The 'throw' will have to be vertical. Without a pre-throw windup, and I have no idea how to simulate that without using an actual robotic arm, you can't do a sidearm throw.
So there's an idea - instead of making a suped up treb - why not make a cheapo robotic arm mounted on an adjustable paltform ?
With the motion capture info, you could accurately simulate throws properly.
https://www.thingiverse.com/search?q=robotic+arm&sa=&dwh=945ad72c437276ePlenty of designs out there.
The thing is that the vast majority of sling styles rely tottally on the windup to generate power and the only way to replicate that is to make an actual arm, mounted on a powered platform to simulate the waist.
Motors would be the main cost. But you can get some pretty beefy stepper motors. gears are cheap and fairly easy to make (from my point of view).
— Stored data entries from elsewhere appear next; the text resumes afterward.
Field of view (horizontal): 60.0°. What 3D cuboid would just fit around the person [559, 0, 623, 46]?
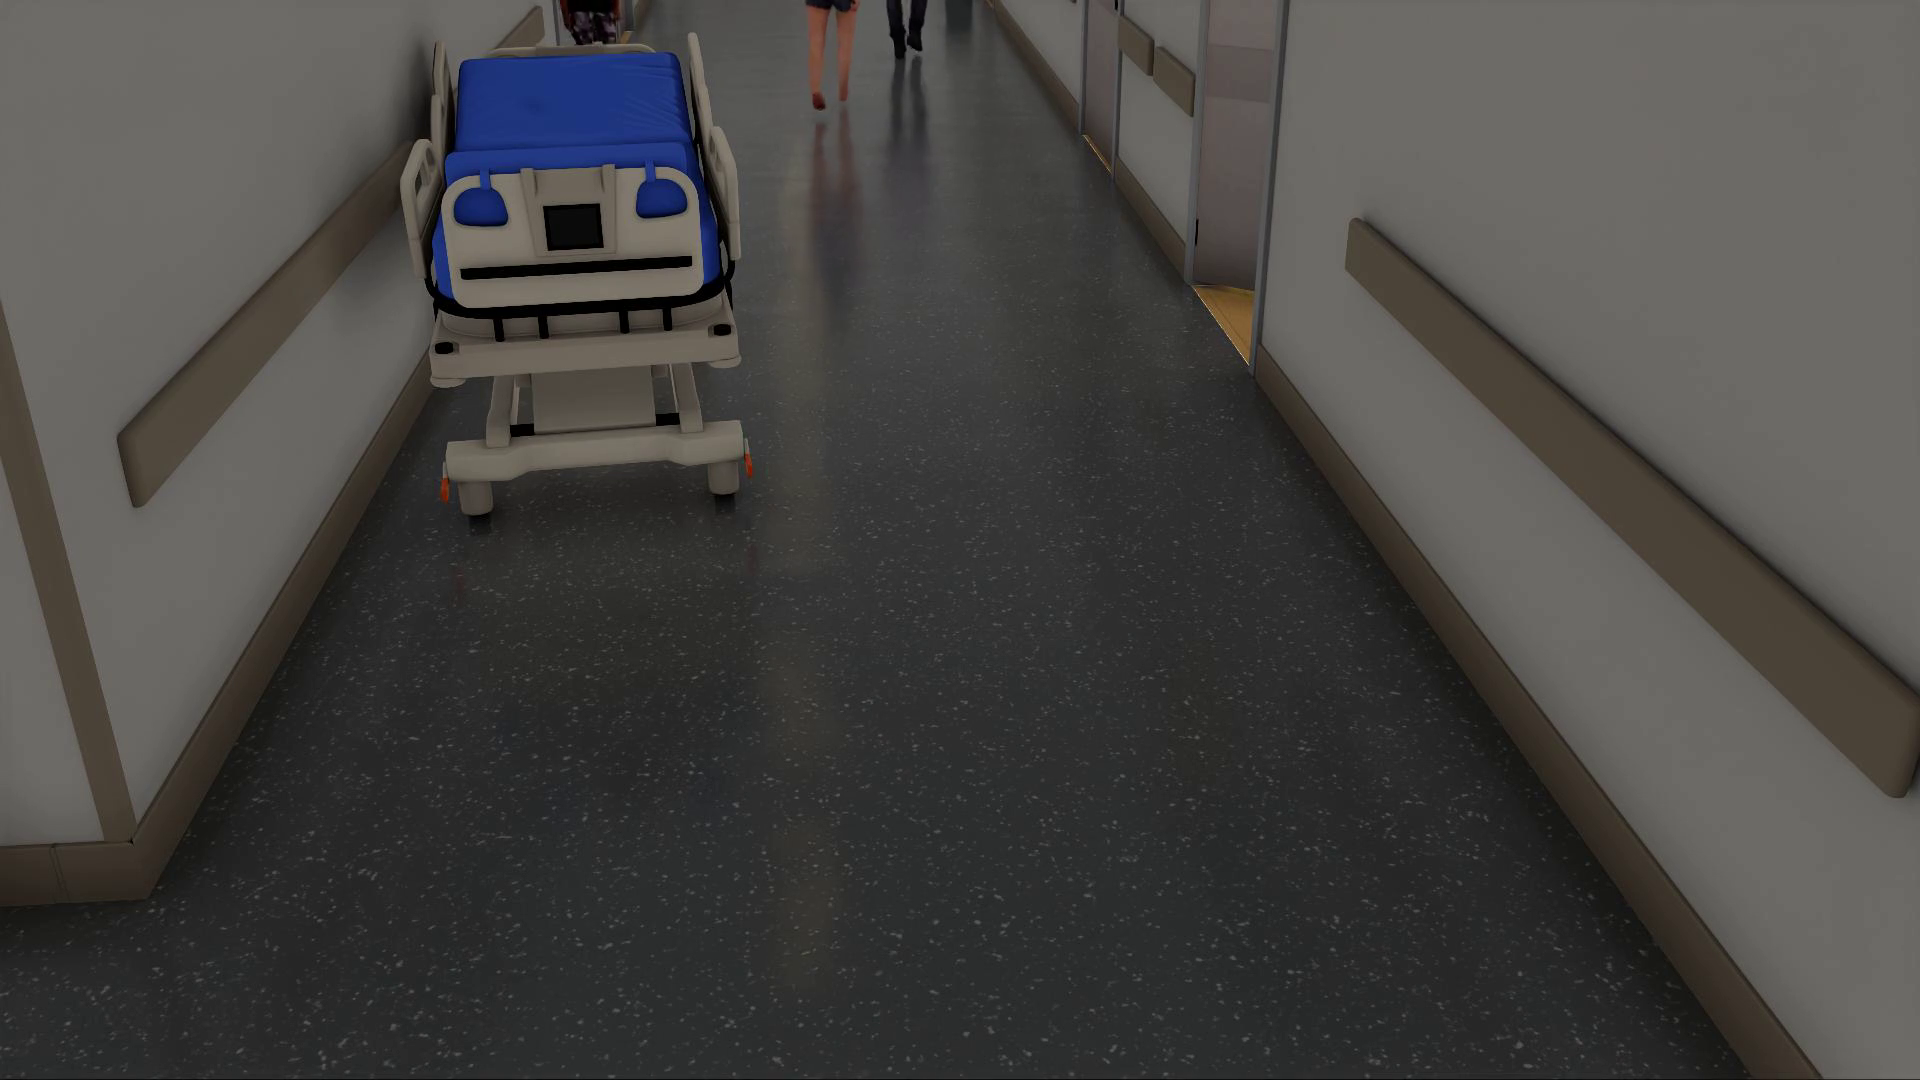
[{"bbox_3d":[-2.554,-3.610,11.246,0.891,1.653,0.898,-20,32,-36],"label":"person"}]

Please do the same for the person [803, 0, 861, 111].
[{"bbox_3d":[-0.939,-3.896,11.810,1.055,1.677,0.777,2,26,4],"label":"person"}]

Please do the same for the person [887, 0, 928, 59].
[{"bbox_3d":[-0.486,-4.951,13.829,0.613,1.824,0.776,1,26,2],"label":"person"}]

I guess you could use standard arduino boards and gcode to run the throw.
Just makes more sense.
At the end of the day, we need soemthing that can move pretty fast, but on the positive side we're not using anything heavy at the end of the arm.
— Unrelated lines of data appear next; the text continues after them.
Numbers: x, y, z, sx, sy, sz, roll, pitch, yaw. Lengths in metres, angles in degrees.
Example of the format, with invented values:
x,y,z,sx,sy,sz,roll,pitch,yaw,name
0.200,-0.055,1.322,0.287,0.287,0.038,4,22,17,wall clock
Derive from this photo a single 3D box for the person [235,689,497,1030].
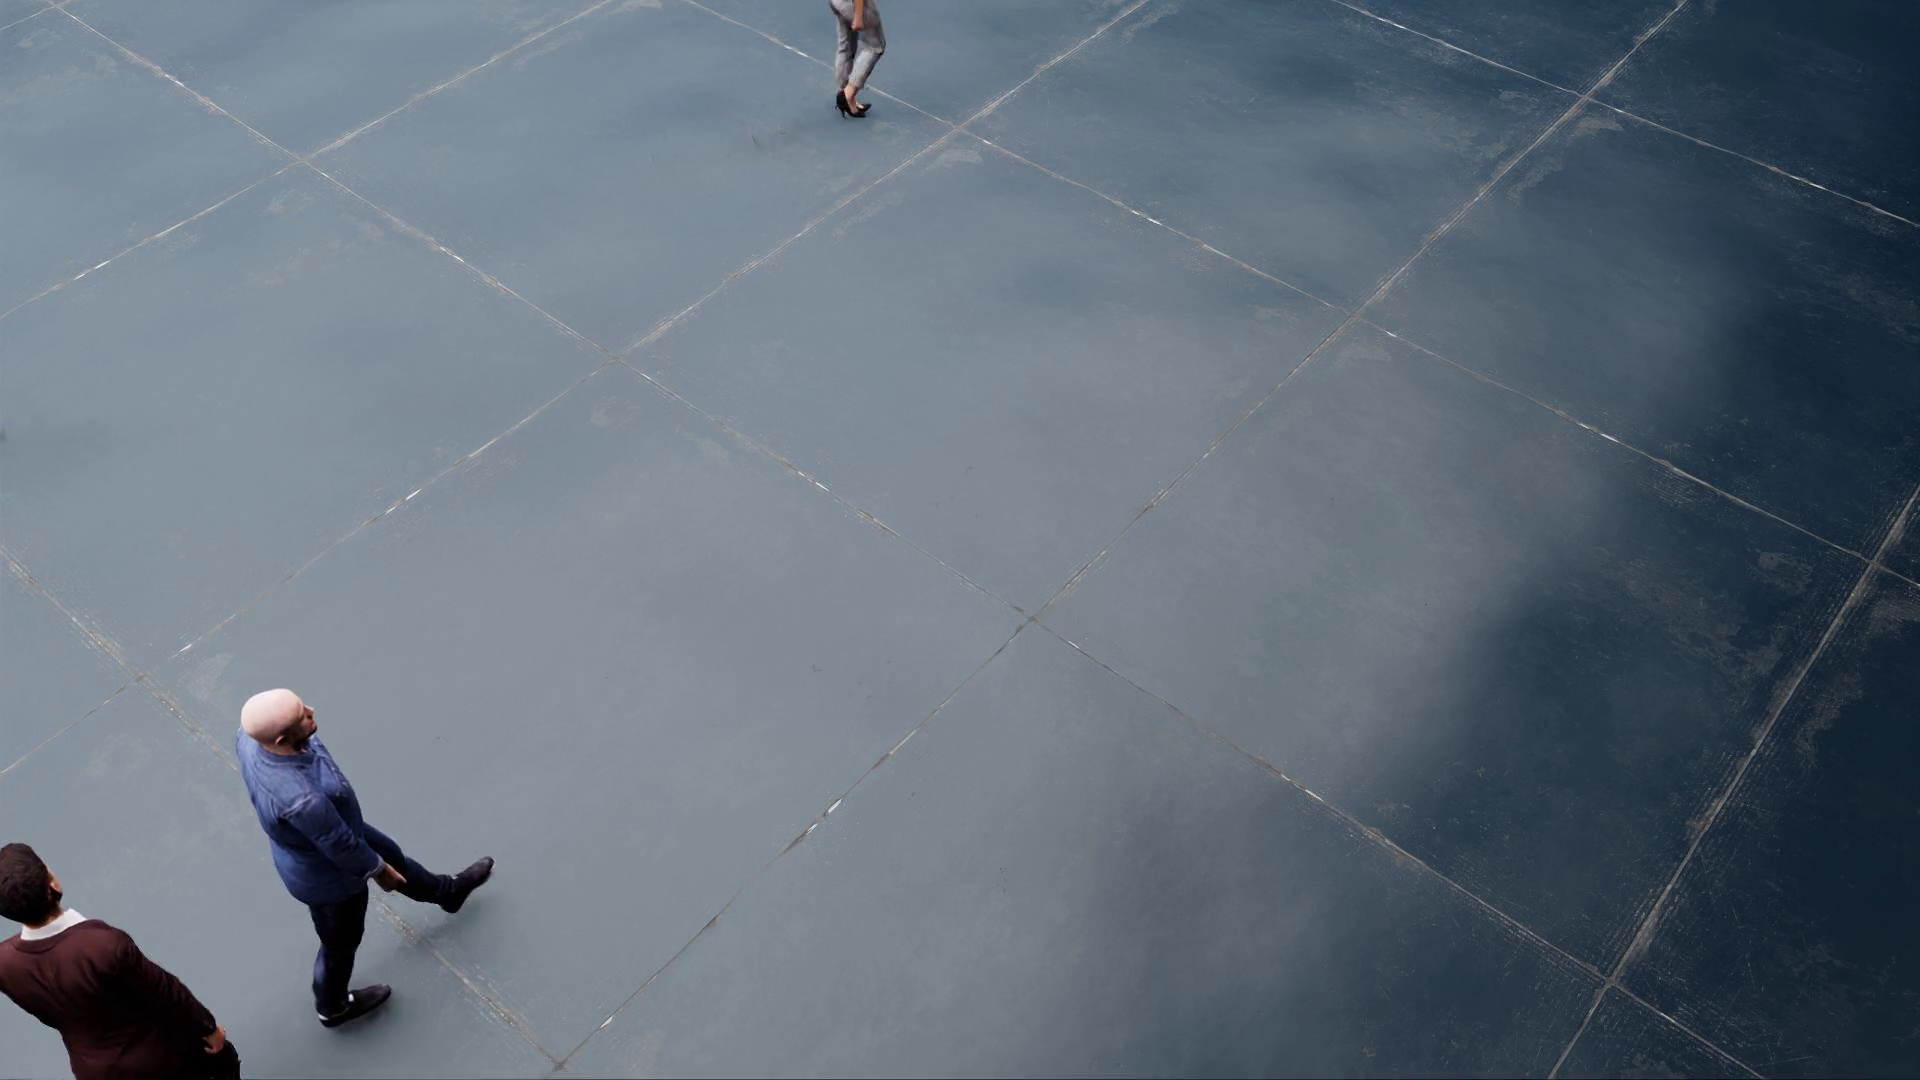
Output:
x,y,z,sx,sy,sz,roll,pitch,yaw,name
-2.382,1.216,6.106,1.183,1.786,0.896,-30,54,-25,person

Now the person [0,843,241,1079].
x,y,z,sx,sy,sz,roll,pitch,yaw,name
-2.798,1.733,5.589,0.936,1.842,0.995,-2,47,-1,person

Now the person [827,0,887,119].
x,y,z,sx,sy,sz,roll,pitch,yaw,name
-0.764,-3.367,10.424,0.699,1.668,0.694,-23,51,-20,person

So let's make an actual simulated slinger, rather than something static like a trebuchet that can only replicate the release part of the throw
You need 4 joints: waist (rotating platform) shoulder, elbow and wrist.
You can use 2020 aluminium strut for 'bones'. Should be a way to make sliding joints to vary effective 'bone' length.
The mechanics are fairly straightforward. It's the software that's the bugger.